Can we use private healthcare to improve health literacy?
When a diabetic patient walks out of a hospital without understanding how to manage their condition between visits, the cost of that failure is economic as much as it is medical. The patient may return sicker, require more expensive intervention, and quite possibly push their family deeper into debt. Multiply that by millions of patient interactions every year in a country where nearly 69 percent of health expenditure is paid directly out of pocket, and the picture becomes systemic.
Noncommunicable diseases (NCDs), also known as chronic diseases, are conditions that demand sustained management, early intervention, and informed patient behaviour. In Bangladesh, due to the absence of structured health literacy, NCDs account for around 67 percent of all deaths, with nearly one in five people between 30 and 70 years of age at the risk of dying, according to the World Health Organization (WHO).
Currently, public health communication in Bangladesh remains largely campaign-driven: seasonal dengue awareness, immunisation pushes, and periodic chronic disease messaging. These efforts reach millions but are episodic, centrally designed, and constrained by a system where public health spending stays below one percent of GDP. So, families often find themselves in a position where they have to decide on what symptoms to act upon, when to seek specialist consultation, how to manage hypertension between visits, whether to trust health advice circulating on social media, with almost no consistent, credible source of guidance. This is a gap that can be bridged through a collaboration between public and private healthcare.
The private healthcare sector, now responsible for over half of total healthcare demand, operates thousands of digital platforms, call centres, outreach programmes, and dedicated marketing teams that collectively reach millions daily. The communication infrastructure produces an array of promotional content on a regular basis: physician profiles, equipment announcements, service advertisements, and patient testimonials. However, it fails to ensure a proper health education for the general people.
This is not because hospitals are indifferent. It is because no policy connects private healthcare communication to public health objectives. There are no national standards defining what evidence-based health education from a private provider should look like. There is no incentive—through accreditation weighting, licensing consideration, or targeted tax benefits—that signals health literacy output carries institutional value. Without that signal, investing in health education remains commercially irrational. The gap is not one of intent but of policy.
Health education does not have to mean national campaigns or expensive programmes. Much of it can be embedded in what hospitals already do. For example, a cardiologist’s profile can include guidance on symptoms that warrant urgent evaluation. An endocrinology announcement can outline warning signs of uncontrolled diabetes. Discharge instructions can include standard follow-up messaging.
Similarly, a doctor who takes two minutes to explain why completing an antibiotic course matters is delivering health education, as is the nurse who teaches a new mother to recognise danger signs in her newborn. These might not be grand interventions and may cost almost nothing individually, but across millions of patient interactions every year, they reshape how a population relates to its own health. For that to happen, a systematic change must be brought forth.
Making it systematic means repositioning hospital communication teams to work alongside trained public health education and promotion specialists who can embed evidence-based guidance into routine outreach. This is not an additional burden on private providers. Hospitals that integrate health education into their communication build deeper community trust, attract patients earlier in their care journey, and differentiate themselves in an increasingly competitive market. The framework succeeds precisely because it aligns public health objectives with institutional self-interest and participation becomes commercially rational, not charitable.
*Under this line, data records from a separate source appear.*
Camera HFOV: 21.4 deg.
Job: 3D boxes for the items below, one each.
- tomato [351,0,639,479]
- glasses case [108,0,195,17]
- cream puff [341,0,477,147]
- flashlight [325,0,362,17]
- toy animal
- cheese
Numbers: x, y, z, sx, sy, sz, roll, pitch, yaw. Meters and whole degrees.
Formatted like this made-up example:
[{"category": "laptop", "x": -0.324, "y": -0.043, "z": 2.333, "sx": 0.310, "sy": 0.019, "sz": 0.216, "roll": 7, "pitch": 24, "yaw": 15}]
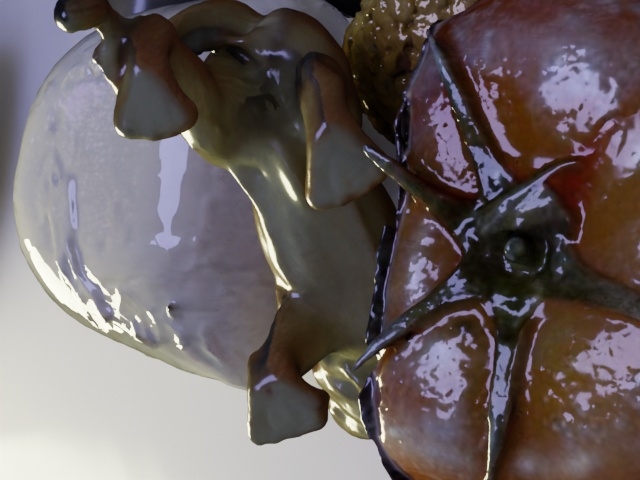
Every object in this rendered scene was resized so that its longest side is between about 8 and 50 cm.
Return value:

But this shift requires a professional workforce that barely exists in Bangladesh’s private healthcare sector: public health education and promotion specialists trained in behavioural science, health communication, and programme evaluation. Currently, these professionals work mostly in government agencies, NGOs, and international organisations, not because they are irrelevant to private healthcare, but because there is currently no framework that generates demand for them there. Once the policy framework is created, the demand follows. And when the demand creates positions, it opens the door to measurable impact.
The government does not need new bureaucracies for this. The Bureau of Health Education under the Directorate General of Health Services already holds a nationwide mandate for health education, with resource centres across all 64 districts. Its scope, however, has never extended to the private sector. Expanding the bureau’s authority to set standards for private-sector health communication, staffed by public health education professionals—not administrative generalists—would give this framework an institutional home. Three mechanisms would make it operational: national content standards for private providers, incentive structures tied to health literacy output, and a public-private health communication compact enabling government messaging to flow through private networks during outbreaks and health emergencies.
If even a quarter of private healthcare communication incorporated structured health education, the effect on population health literacy would exceed what public spending increases alone could achieve. So, the question is not whether this would work. The question is what happens if the government does not act. The private sector will continue reaching millions daily, with content that does nothing to improve general health outcomes. Preventable complications will keep generating avoidable debt. And the country’s largest health communication infrastructure will remain commercially active but strategically wasted. The new government has pledged a stronger, more competitive Bangladesh. This would be a good place to start.
Md Shafaat Ali Choyon is public health professional with a background in business strategy and digital innovation.
Views expressed in this article are the author's own.